How to Learn a Domain-Adaptive Event Simulator?

2021 
The low-latency streams captured by event cameras have shown impressive potential in addressing vision tasks such as video reconstruction and optical flow estimation. However, these tasks often require massive training event streams, which are expensive to collect and largely bypassed by recently proposed event camera simulators. To align the statistics of synthetic events with that of target event cameras, existing simulators often need to be heuristically tuned with elaborative manual efforts and thus become incompetent to automatically adapt to various domains. To address this issue, this work proposes one of the first learning-based, domain-adaptive event simulator.
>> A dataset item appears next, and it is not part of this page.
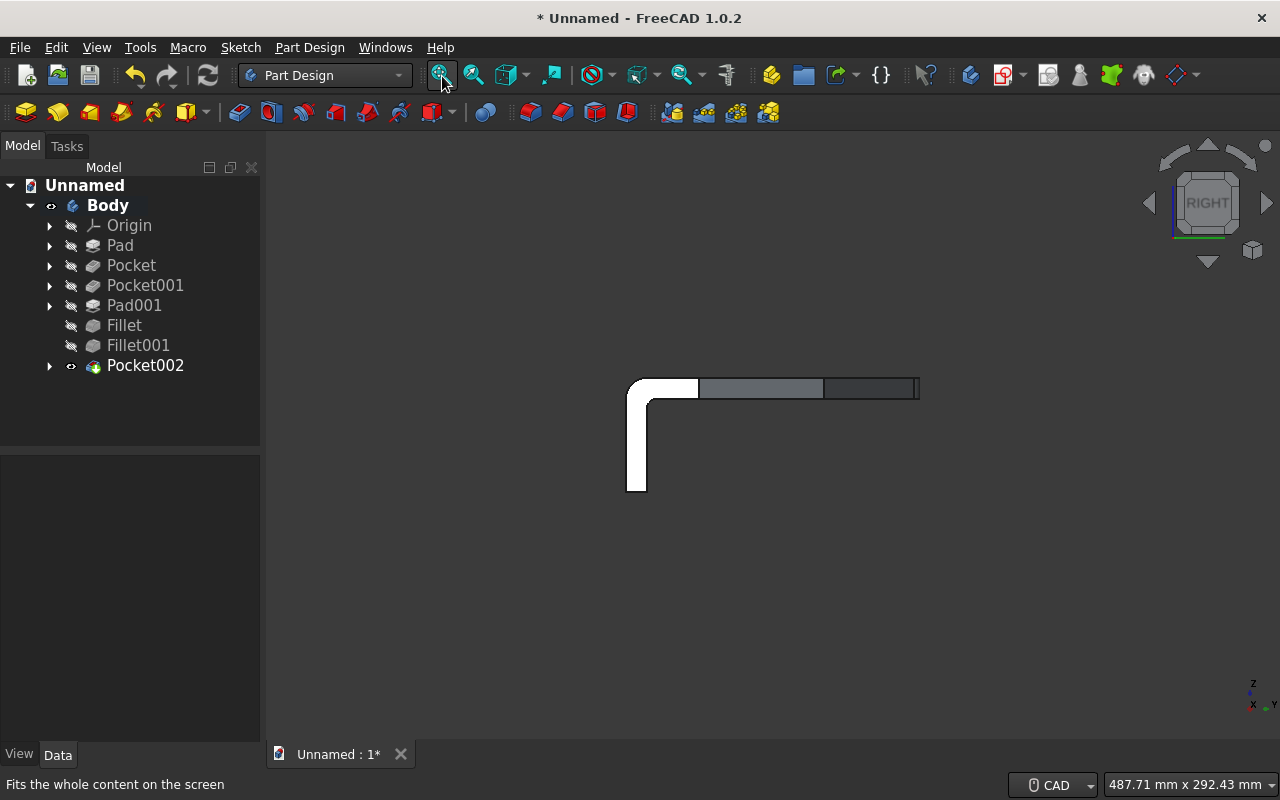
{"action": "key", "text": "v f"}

Given a specific domain, the proposed simulator learns pixel-wise distributions of event contrast thresholds that, after stochastic sampling and paralleled rendering, can generate event representations well aligned with those from the data from realistic event cameras. To achieve such domain-specific alignment, we design a novel divide-and-conquer discrimination scheme that adaptively evaluates the synthetic-to-real consistency of event representations according to the local statistics of images and events. Trained with the data synthesized by the proposed simulator, the performances of state-of-the-art event-based video reconstruction and optical flow estimation approaches are boosted up to 22.9% and 2.8%, respectively. In addition, we show significantly improved domain adaptation capability over existing event simulators and tuning strategies, consistently on three real event datasets.